**WORK REQUIRED**
Look through the entries for the string "Operating" and copy every line where it shows up.

**Dataset entries**
····················

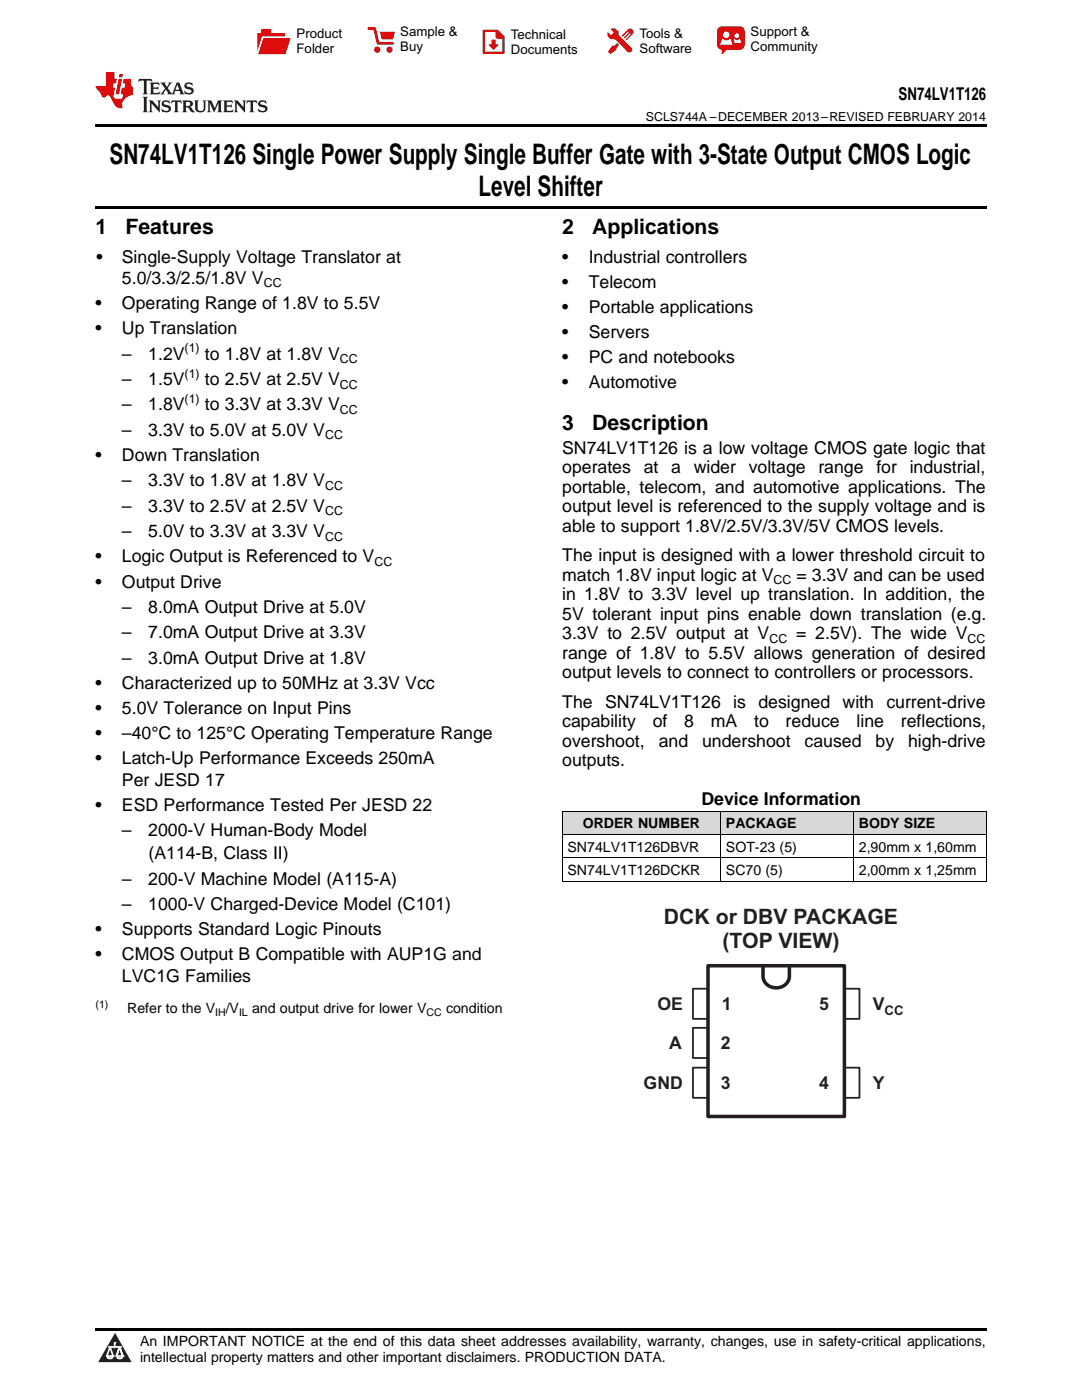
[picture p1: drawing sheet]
<svg xmlns="http://www.w3.org/2000/svg" width="216mm" height="279mm" viewBox="0 0 216 279" stroke-linecap="round" stroke-linejoin="round" font-family="sans-serif">
<defs><g id="words">
<g font-size="5.6">
<text x="21.9" y="32.8">SN74LV1T126 Single Power Supply Single Buffer Gate with 3-State Output CMOS Logic</text>
<text x="95.5" y="39.2">Level Shifter</text>
</g>
<g font-size="4.2">
<text x="19" y="46.7">1</text>
<text x="25" y="46.7">Features</text>
<text x="112.2" y="46.7">2</text>
<text x="118.2" y="46.7">Applications</text>
<text x="112.2" y="85.9">3</text>
<text x="118.2" y="85.9">Description</text>
</g>
<g font-size="4.2" fill="#231f20">
<text x="132.5" y="184.4">DCK or DBV PACKAGE</text>
<text x="144.2" y="189.1">(TOP VIEW)</text>
</g>
<g font-size="3.5">
<text x="179.3" y="20">SN74LV1T126</text>
<text x="19.2" y="52.4">•</text>
<text x="24.3" y="52.4">Single-Supply Voltage Translator at</text>
<text x="112.2" y="52.4">•</text>
<text x="117.5" y="52.4">Industrial controllers</text>
<text x="24.3" y="56.7">5.0/3.3/2.5/1.8V V</text>
<text x="112.2" y="57.4">•</text>
<text x="117.5" y="57.4">Telecom</text>
<text x="19" y="61.7">•</text>
<text x="24.3" y="61.7">Operating Range of 1.8V to 5.5V</text>
<text x="112.2" y="62.4">•</text>
<text x="117.5" y="62.4">Portable applications</text>
<text x="19" y="66.7">•</text>
<text x="24.3" y="66.7">Up Translation</text>
<text x="24.3" y="71.8">–</text>
<text x="29.6" y="71.8">1.2V</text>
<text x="40.9" y="71.8">to 1.8V at 1.8V V</text>
<text x="112.2" y="67.5">•</text>
<text x="117.5" y="67.5">Servers</text>
<text x="24.3" y="76.8">–</text>
<text x="29.6" y="76.8">1.5V</text>
<text x="40.9" y="76.8">to 2.5V at 2.5V V</text>
<text x="112.2" y="72.5">•</text>
<text x="112.2" y="77.5">•</text>
<text x="117.5" y="72.5">PC and notebooks</text>
<text x="117.5" y="77.5">Automotive</text>
<text x="24.3" y="81.9">–</text>
<text x="29.6" y="81.9">1.8V</text>
<text x="40.9" y="81.9">to 3.3V at 3.3V V</text>
<text x="24.3" y="87">–</text>
<text x="29.6" y="87">3.3V to 5.0V at 5.0V V</text>
<text x="19" y="92">•</text>
<text x="24.3" y="92">Down Translation</text>
<text x="112.2" y="90.6">SN74LV1T126 is a low voltage CMOS gate logic that</text>
<text x="112.2" y="94.4">operates</text>
<text x="128.4" y="94.4">at</text>
<text x="133.9" y="94.4">a</text>
<text x="138.4" y="94.4">wider</text>
<text x="149.4" y="94.4">voltage</text>
<text x="163.3" y="94.4">range</text>
<text x="174.9" y="94.4">for</text>
<text x="181.5" y="94.4">industrial,</text>
<text x="24.3" y="97.1">–</text>
<text x="29.6" y="97.1">3.3V to 1.8V at 1.8V V</text>
<text x="112.2" y="98.3">portable, telecom, and automotive applications. The</text>
<text x="24.3" y="102.2">–</text>
<text x="24.3" y="107.2">–</text>
<text x="29.6" y="102.2">3.3V to 2.5V at 2.5V V</text>
<text x="29.6" y="107.2">5.0V to 3.3V at 3.3V V</text>
<text x="112.2" y="102.2">output level is referenced to the supply voltage and is</text>
<text x="112.2" y="106.1">able to support 1.8V/2.5V/3.3V/5V CMOS levels.</text>
<text x="19" y="112.3">•</text>
<text x="24.3" y="112.3">Logic Output is Referenced to V</text>
<text x="112.2" y="112">The input is designed with a lower threshold circuit to</text>
<text x="19" y="117.3">•</text>
<text x="24.3" y="117.3">Output Drive</text>
<text x="112.2" y="115.9">match 1.8V input logic at V</text>
<text x="112.2" y="119.8">in 1.8V to 3.3V level up translation. In addition, the</text>
<text x="158.9" y="115.9">= 3.3V and can be used</text>
<text x="24.3" y="122.3">–</text>
<text x="29.6" y="122.3">8.0mA Output Drive at 5.0V</text>
<text x="112.2" y="123.7">5V tolerant input pins enable down translation (e.g.</text>
<text x="24.3" y="127.4">–</text>
<text x="29.6" y="127.4">7.0mA Output Drive at 3.3V</text>
<text x="112.2" y="127.6">3.3V to 2.5V output at V</text>
<text x="112.2" y="131.4">range of 1.8V to 5.5V allows generation of desired</text>
<text x="158.9" y="127.6">= 2.5V). The wide V</text>
<text x="19" y="137.5">•</text>
<text x="24.3" y="132.5">–</text>
<text x="24.3" y="137.5">Characterized up to 50MHz at 3.3V Vcc</text>
<text x="29.6" y="132.5">3.0mA Output Drive at 1.8V</text>
<text x="112.2" y="135.3">output levels to connect to controllers or processors.</text>
<text x="19" y="142.5">•</text>
<text x="24.3" y="142.5">5.0V Tolerance on Input Pins</text>
<text x="112.2" y="141.3">The SN74LV1T126</text>
<text x="146.3" y="141.3">is designed</text>
<text x="168.1" y="141.3">with</text>
<text x="176.9" y="141.3">current-drive</text>
<text x="19" y="147.5">•</text>
<text x="24.3" y="147.5">–40°C to 125°C Operating Temperature Range</text>
<text x="112.2" y="145.2">capability</text>
<text x="112.2" y="149">overshoot,</text>
<text x="130.2" y="145.2">of</text>
<text x="131.4" y="149">and</text>
<text x="136.5" y="145.2">8</text>
<text x="140.1" y="149">undershoot</text>
<text x="141.8" y="145.2">mA</text>
<text x="150.5" y="145.2">to</text>
<text x="156.8" y="145.2">reduce</text>
<text x="160.5" y="149">caused</text>
<text x="170.9" y="145.2">line</text>
<text x="174.7" y="149">by</text>
<text x="179.7" y="145.2">reflections,</text>
<text x="181.2" y="149">high-drive</text>
<text x="19" y="152.5">•</text>
<text x="24.3" y="152.5">Latch-Up Performance Exceeds 250mA</text>
<text x="112.2" y="152.9">outputs.</text>
<text x="19" y="161.8">•</text>
<text x="24.3" y="156.8">Per JESD 17</text>
<text x="24.3" y="161.8">ESD Performance Tested Per JESD 22</text>
<text x="140" y="160.7">Device Information</text>
<text x="24.3" y="166.9">–</text>
<text x="29.6" y="166.9">2000-V Human-Body Model</text>
<text x="29.6" y="171.5">(A114-B, Class II)</text>
<text x="24.3" y="176.6">–</text>
<text x="29.6" y="176.6">200-V Machine Model (A115-A)</text>
<text x="24.3" y="181.6">–</text>
<text x="29.6" y="181.6">1000-V Charged-Device Model (C101)</text>
<text x="19" y="186.7">•</text>
<text x="19" y="191.7">•</text>
<text x="24.3" y="186.7">Supports Standard Logic Pinouts</text>
<text x="24.3" y="191.7">CMOS Output B Compatible with AUP1G and</text>
<text x="24.3" y="195.9">LVC1G Families</text>
</g>
<g font-size="3.5" fill="#231f20">
<text x="131.2" y="201.5">OE</text>
<text x="144" y="201.6">1</text>
<text x="163.4" y="201.6">5</text>
<text x="174.1" y="201.5">V</text>
<text x="133.6" y="209.4">A</text>
<text x="143.9" y="209.4">2</text>
<text x="128.4" y="217.3">GND</text>
<text x="143.8" y="217.3">3</text>
<text x="163.4" y="217.4">4</text>
<text x="174.2" y="217.3">Y</text>
</g>
<g font-size="2.8">
<text x="116.3" y="165.3">ORDER NUMBER</text>
<text x="144.9" y="165.3">PACKAGE</text>
<text x="171.4" y="165.3">BODY SIZE</text>
<text x="113.2" y="170">SN74LV1T126DBVR</text>
<text x="144.9" y="170">SOT-23 (5)</text>
<text x="171.4" y="170">2,90mm x 1,60mm</text>
<text x="113.2" y="174.6">SN74LV1T126DCKR</text>
<text x="144.9" y="174.6">SC70 (5)</text>
<text x="171.4" y="174.6">2,00mm x 1,25mm</text>
<text x="25.4" y="202.2">Refer to the V</text>
<text x="45" y="202.2">/V</text>
<text x="50.3" y="202.2">and output drive for lower V</text>
<text x="89" y="202.2">condition</text>
<text x="27.9" y="268.6">An IMPORTANT NOTICE at the end of this data sheet addresses availability, warranty, changes, use in safety-critical applications,</text>
<text x="27.9" y="271.8">intellectual property matters and other important disclaimers. PRODUCTION DATA.</text>
</g>
<g font-size="2.6">
<text x="59.2" y="7.6">Product</text>
<text x="59.2" y="10.6">Folder</text>
<text x="79.9" y="7.3">Sample &amp;</text>
<text x="79.9" y="10.2">Buy</text>
<text x="101.9" y="7.8">Technical</text>
<text x="101.9" y="10.8">Documents</text>
<text x="127.6" y="7.6">Tools &amp;</text>
<text x="127.6" y="10.6">Software</text>
<text x="149.8" y="7.2">Support &amp;</text>
<text x="149.8" y="10.2">Community</text>
</g>
<text font-size="2.6" fill="#231f20" x="176.5" y="202.5">CC</text>
<g font-size="2.5">
<text x="128.9" y="24.2">SCLS744A –DECEMBER 2013–REVISED FEBRUARY 2014</text>
<text x="52.6" y="57.4">CC</text>
<text x="36.8" y="70.3">(1)</text>
<text x="36.8" y="75.4">(1)</text>
<text x="67.8" y="72.5">CC</text>
<text x="67.8" y="77.5">CC</text>
<text x="36.8" y="80.5">(1)</text>
<text x="67.8" y="82.6">CC</text>
<text x="64.9" y="87.7">CC</text>
<text x="64.9" y="97.8">CC</text>
<text x="64.9" y="102.9">CC</text>
<text x="64.9" y="107.9">CC</text>
<text x="74.7" y="113">CC</text>
<text x="154.3" y="116.6">CC</text>
<text x="153.5" y="128.3">CC</text>
<text x="193" y="128.3">CC</text>
</g>
<g font-size="2.1">
<text x="19" y="201.1">(1)</text>
<text x="42.9" y="202.8">IH</text>
<text x="47.7" y="202.8">IL</text>
<text x="85.1" y="202.8">CC</text>
</g>
</g></defs>
<g fill="#d8d8d8">
<path d="M112.2 161.9h31.6v4.7h-31.6z"/>
<path d="M143.8 161.9h26.5v4.7h-26.5z"/>
<path d="M170.3 161.9h26.5v4.7h-26.5z"/>
</g>
<path d="M23 266l3.3 5.9h-6.7z" fill="#231f20"/>
<path d="M21.3 270.6h1.3l-.4 .5h-.3a.54 .54 0 0 1-.6-.5z" fill-rule="evenodd" fill="#fff"/>
<path d="M21.3 270.6h1.3l-.4 .5h-.3a.54 .54 0 0 1-.6-.5z" fill="none" stroke="#231f20" stroke-width=".33"/>
<path d="M21.3 270.6l1.3 .1-.4 .4h-.5z" fill="none" stroke="#fff" stroke-width=".33"/>
<path d="M22.9 268.9h.1" fill="none" stroke="#fff" stroke-width=".33"/>
<path d="M22.9 268v.9z" fill="#fff"/>
<path d="M22.9 268v.9z" fill="none" stroke="#fff" stroke-width=".33"/>
<circle cx="22.9" cy="268" r=".16" fill="#fff"/>
<path d="M21.8 268.8h.1" fill="none" stroke="#fff" stroke-width=".33"/>
<path d="M21.8 268.8h2.2z" fill="#fff"/>
<path d="M21.8 268.8h2.2z" fill="none" stroke="#fff" stroke-width=".33"/>
<circle cx="24" cy="268.8" r=".16" fill="#fff"/>
<path d="M23.2 270.6h.1" fill="none" stroke="#fff" stroke-width=".33"/>
<path d="M23.9 268.8l-.7 1.8z" fill="#fff"/>
<path d="M23.9 268.8l-.7 1.8z" fill="none" stroke="#fff" stroke-width=".33"/>
<path d="M23.9 268.8l.6 1.8z" fill="#fff"/>
<path d="M23.9 268.8l.6 1.8z" fill="none" stroke="#fff" stroke-width=".33"/>
<path d="M24.4 270.6h.1" fill="none" stroke="#fff" stroke-width=".33"/>
<circle cx="21.3" cy="270.6" r=".16" fill="#fff"/>
<path d="M22 268.8l-.7 1.8z" fill="#fff"/>
<path d="M22 268.8l-.7 1.8z" fill="none" stroke="#fff" stroke-width=".33"/>
<path d="M22 268.8l.6 1.8z" fill="#fff"/>
<path d="M22 268.8l.6 1.8z" fill="none" stroke="#fff" stroke-width=".33"/>
<circle cx="22.6" cy="270.6" r=".16" fill="#fff"/>
<path d="M23.3 270.6h1.2a.63 .63 0 0 1-.6 .5 .63 .63 0 0 1-.6-.5z" fill-rule="evenodd" fill="#fff"/>
<path d="M23.3 270.6h1.2a.63 .63 0 0 1-.6 .5 .63 .63 0 0 1-.6-.5z" fill="none" stroke="#231f20" stroke-width=".33"/>
<path d="M23.3 270.6h1.2l-.4 .5h-.5z" fill="none" stroke="#fff" stroke-width=".33"/>
<path d="M23.2 270.6h.1" fill="none" stroke="#fff" stroke-width=".33"/>
<circle cx="24.5" cy="270.6" r=".16" fill="#fff"/>
<path d="M19 24.7h177.8v.6h-177.8zM19 41.2h177.8v.5h-177.8zM112.2 175.9h.1zM170.2 175.9h.1zM196.7 175.9h.1zM19 265.1h177.8v.5h-177.8z" fill="#000"/>
<path d="M141.3 192.7h27.2v30.1h-27.2z" fill="none" stroke="#231f20" stroke-width=".71"/>
<path d="M138.3 197.3h3v6h-3zM168.5 197.3h3v6h-3zM138.3 205.1h3v6h-3zM138.3 213.1h3v6h-3zM168.5 213.1h3v6h-3z" fill="none" stroke="#231f20" stroke-width=".35"/>
<path d="M152.3 192.7a3.9 3.9 0 0 0 .5 3.6 2.71 2.71 0 0 0 2.8 .7 2.71 2.71 0 0 0 1.9-2.2v-2.1" fill="none" stroke="#231f20" stroke-width=".71" stroke-linecap="butt"/>
<path d="M112.2 175.8h84.6M112.2 171.2h84.6M112.2 166.5h84.6M112.2 161.9h84.6M112.2 161.9v14M143.7 161.9v14M170.3 161.9v14M196.8 161.9v14" fill="none" stroke="#000" stroke-width=".2"/>
<path d="M27.7 15.7l-.1 .6 .6-.2h.5v.1v2.2l-.2 .4h1l-.2-.4v-2.2v-.1h.5l.6 .2-.2-.6zM29.9 16.5l.2 .4v1.5l-.2 .4h1.9l.1-.6a1.09 1.09 0 0 1-1.3 .2v-.7h.6l.4 .2v-.6l-.2 .1-.8 .1v-.6l.2-.1a1.01 1.01 0 0 1 1 .2l-.1-.5zM32 16.5l.9 1.2-1 1.1h.9l-.2-.2 .5-.7 .5 .7-.3 .2h1.7l-.2-.2 .1-.4h1l.1 .4-.2 .2h1l-.3-.3-.7-2h-.5l-1 2.2-.8-1.1 .9-1.1h-.9l.2 .2-.4 .7-.4-.7 .2-.2zM35.4 16.9l.4 1h-.8zM37 16.6a.66 .66 0 0 0-.2 .8 .66 .66 0 0 0 .6 .4l.7 .2 .1 .2a.8 .8 0 0 1-.7 .4 .8 .8 0 0 1-.7-.5l.1 .7 .2-.1a.94 .94 0 0 0 1.1 .1 .94 .94 0 0 0 .4-1 1.48 1.48 0 0 0-1.3-.6v-.3a1.1 1.1 0 0 1 1.2 .2l-.2-.6-.2 .1-.5-.2zM28.5 19.3l.2 .4v2.3l-.2 .4h1l-.2-.4v-2.3l.2-.4zM29.7 20l.2 .4v1.6l-.2 .4h.8l-.3-.4 .1-1.4 1.6 1.8v-2l.2-.4h-.7l.2 .3v1.1l-1.2-1.4zM32.5 20.2a.66 .66 0 0 0-.2 .7 .66 .66 0 0 0 .6 .5l.6 .1 .2 .3a.8 .8 0 0 1-.8 .4 .8 .8 0 0 1-.7-.5l.2 .7 .2-.1a.94 .94 0 0 0 1 .1 .94 .94 0 0 0 .5-1 1.47 1.47 0 0 0-1.3-.6l-.1-.4a1.1 1.1 0 0 1 1.3 .2l-.2-.6-.2 .2-.5-.2zM34.3 20l-.2 .7a.64 .64 0 0 1 .8-.4v1.7l-.2 .4h1l-.3-.4 .1-1.7a.66 .66 0 0 1 .8 .4l-.2-.7zM36.3 20l.3 .4v1.6l-.3 .4h1l-.2-.2v-.8l.5 .1 .1 .1a.8 .8 0 0 0 1.2 .7l-1-1a.62 .62 0 0 0 .6-.6 .62 .62 0 0 0-.6-.6zM37.1 20.4l.1-.1a.48 .48 0 0 1 .6 .1 .48 .48 0 0 1 .1 .6l-.2 .1h-.6zM38.7 20l.2 .3a2.29 2.29 0 0 0 .4 2 1.05 1.05 0 0 0 1.7-.7v-1.3l.2-.3h-.8l.2 .4v1.2a.61 .61 0 0 1-.6 .5 .61 .61 0 0 1-.6-.5v-1.2l.3-.4zM41.3 20l.3 .4v1.6l-.3 .4h.8l-.2-.4v-1.5l.8 1.9 .9-1.9v1.5l-.2 .4h.9l-.2-.4v-1.6l.2-.4h-.8l-.7 1.6-.6-1.6zM44.5 20l.2 .4v1.6l-.2 .4h1.9l.2-.6a1.1 1.1 0 0 1-1.4 .2v-.7h.6l.4 .2v-.7l-.2 .2h-.8v-.5l.2-.2a1.02 1.02 0 0 1 1.1 .3l-.2-.6zM46.7 20l.2 .4v1.6l-.2 .4h.8l-.3-.4 .1-1.4 1.6 1.8v-2l.2-.4h-.7l.2 .3v1.1l-1.2-1.4zM49.3 20l-.1 .7a.64 .64 0 0 1 .8-.4v1.7l-.3 .4h1l-.2-.4v-1.7a.66 .66 0 0 1 .8 .4l-.1-.7zM51.7 20.2a.66 .66 0 0 0-.2 .7 .66 .66 0 0 0 .7 .5l.6 .1 .1 .3a.8 .8 0 0 1-.7 .4 .8 .8 0 0 1-.7-.5l.1 .7 .2-.1a.94 .94 0 0 0 1.1 .1 .94 .94 0 0 0 .4-1 1.48 1.48 0 0 0-1.2-.6l-.1-.4a1.1 1.1 0 0 1 1.2 .2l-.2-.6-.1 .2-.6-.2z" fill="#231f20"/>
<path d="M21.1 14.4v2.8h-2v.3l.9 1a.96 .96 0 0 0 1 .9 .59 .59 0 0 1 .5-.3 .59 .59 0 0 1 .5 .3l.4 .8a1.61 1.61 0 0 0 2.1 1.3 1.63 1.63 0 0 1 1.1-2.2l.9-.4v-1.5a1.6 1.6 0 0 1-.4-1.7h-1.4l-.2 1h.5l-.2 .8h-.5l-.2 1v.2l.5 .1-.2 .9h-.7a.74 .74 0 0 1-1-.7l.3-1.5h-.5l.2-.8h.5l.1-1h-.4v-1.3zM23.7 15.7l-.7 3.1h.8l.6-3.1zM23.8 14.8l-.1 .6h.7l.2-.6z" fill="#ee1d23"/>
<g fill="#d60000">
<path d="M52.1 5.8h2v.8h2.8v4.2h-5.5v-4.2h.7z" fill-rule="evenodd"/>
<path d="M52.4 7.5h5.6l-1 3.3h-5.6z" fill-rule="evenodd"/>
</g>
<path d="M52.4 7.4h5.7l-.1 .1h-5.5l-1.1 3.3z" fill-rule="evenodd" fill="#fff"/>
<path d="M52.4 7.4h5.7l-.1 .1h-5.5l-1.1 3.3z" fill="none" stroke="#fff" stroke-width=".2"/>
<path d="M73.6 5.7h1.1l.7 2.9h2.9" fill="none" stroke="#d60000" stroke-width=".55"/>
<g fill="#d60000">
<path d="M75.8 6.3h3l-.4 1.6h-2.2z" fill-rule="evenodd"/>
<circle cx="75.3" cy="9.9" r=".62"/>
<circle cx="77.7" cy="9.9" r=".62"/>
</g>
<path d="M96.5 6.2h2.7l1.3 1.2v3.1h-4z" fill="none" stroke="#d60000" stroke-width=".44"/>
<g fill="#d60000">
<path d="M98.1 7.9h.8v1h.5l-.9 1.1-1-1v-.1h.6z" fill-rule="evenodd"/>
<path d="M98.9 6.2h.3l1.3 1.2v.4h-1.3l-.3-.4z" fill-rule="evenodd"/>
<path d="M121.9 5.7h.8l.7 .6 .1 .7 2.5 2.5-.8 .8-2.3-2.3-1.1-.2-.6-.6v-.8l.7 .6 .5-.4v-.2l-.5-.5z" fill-rule="evenodd"/>
<path d="M122.2 9.1h.4l.5-.5 .4 .4-.5 .5v.4l-1.2 .9-.5-.5z" fill-rule="evenodd"/>
<path d="M125.3 5.9a.67 .67 0 0 1 .9 0 .67 .67 0 0 1 0 .9z" fill-rule="evenodd"/>
<path d="M125.3 5.9l.9 .9-1.2 1.2h-.2v-.2l1-.9v-.2h-.2l-.9 1h-.2v-.2l.9-1 .1-.2h-.3l-.9 1h-.2v-.2z" fill-rule="evenodd"/>
<circle cx="125.6" cy="9.9" r=".54"/>
</g>
<path d="M123.3 6.3v.7" fill="none" stroke="#d60000" stroke-width=".2"/>
<g fill="#d60000">
<path d="M143.4 5.5l.6-.2h3.6a.95 .95 0 0 1 1 .9v2.8a.95 .95 0 0 1-1 .9h-3.6a.95 .95 0 0 1-.9-.9v-2.8z" fill-rule="evenodd"/>
<path d="M144 9.9h.9l-.7 .9h-.2z" fill-rule="evenodd"/>
</g>
<g fill="#fff">
<path d="M146.6 8.6h1.3z"/>
<path d="M144.1 7.8h.3l.1 .2h.8l.2-.2h.3l.4 1.1h-2.5z" fill-rule="evenodd"/>
<path d="M146.4 7.8h.3l.1 .2h.5l.2-.2h.2l.2 .8h-1.3z" fill-rule="evenodd"/>
<circle cx="144.9" cy="6.9" r=".65"/>
<circle cx="147" cy="7.1" r=".48"/>
</g>
<use href="#words"/>
</svg>

····················

**RESPONSE**
<text x="24.3" y="61.7">Operating Range of 1.8V to 5.5V</text>
<text x="24.3" y="147.5">–40°C to 125°C Operating Temperature Range</text>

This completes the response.